Shared ground
Genesis 1:20–23 presents life in sea and sky as the direct result of God’s word. God speaks, creation responds, and the result is evaluated as “good.” The passage also shows God’s active care for non-human life: he not only makes creatures but blesses them with fruitfulness and expansion in their proper environments.
A second shared theme is ordered abundance. The waters are pictured as teeming, the skies as filled with flight, and the creatures are described in recognizable groupings (“after their kind”). The narrative rhythm (command → creation → evaluation → blessing → day marker) keeps emphasizing that life is not random but situated within a structured world.
Where interpretation differs
One difference concerns what “after their kind” implies. Some read it as pointing to stable, bounded categories of creatures, emphasizing continuity and separation between groups. Others read it more modestly as a way of saying “in many recognizable varieties,” without specifying how fixed or changeable those groupings are over time.
A second difference concerns the “large sea creatures.” Some think the phrase is meant to highlight God’s mastery over what other ancient cultures feared in the sea, even if the creatures are simply very large animals. Others think the wording intentionally echoes legendary sea-monster imagery to make a point: even the most frightening sea powers are not rivals to God but creatures within his world.

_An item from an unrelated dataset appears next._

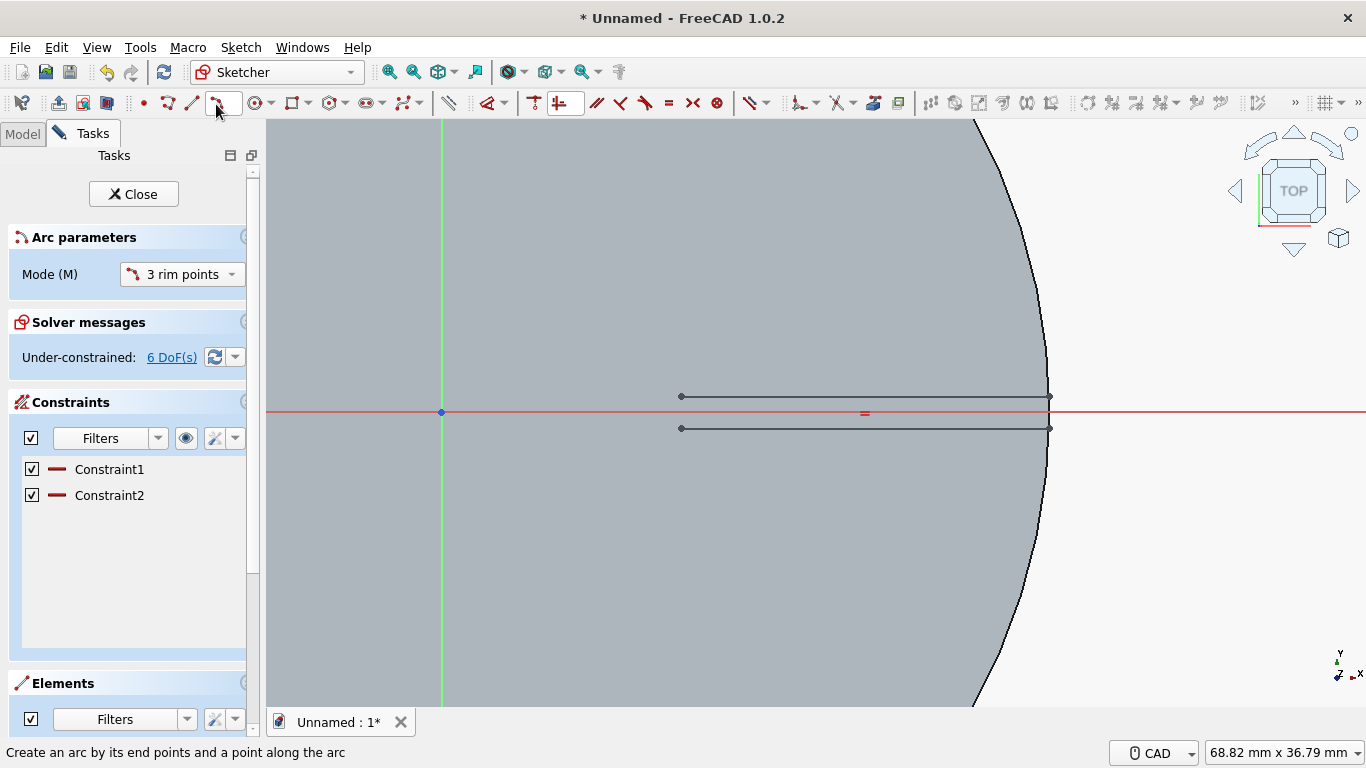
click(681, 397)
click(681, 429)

Why the disagreement exists
The text uses broad, observational language rather than technical categories. Phrases like “after their kind” and “large sea creatures” can be read either as everyday descriptions of nature or as wording that also engages older sea-fear imagery. Because Genesis 1 is also highly patterned and compressed, readers debate how much theological weight to place on specific terms beyond the explicit storyline.
What this passage clearly contributes
Explicitly, the passage claims that God commands and creates sea creatures and birds; that he creates them in differentiated groupings; that he calls this work “good”; and that he blesses them toward reproduction and filling their domains (sea and earth/sky) (Genesis 1:20–Genesis 1:22). Theologically inferred from these claims (without being separately stated) is a picture of God as sovereign over both familiar and formidable parts of the natural world, and as a giver of life who supports its ongoing spread within the ordered spaces of creation.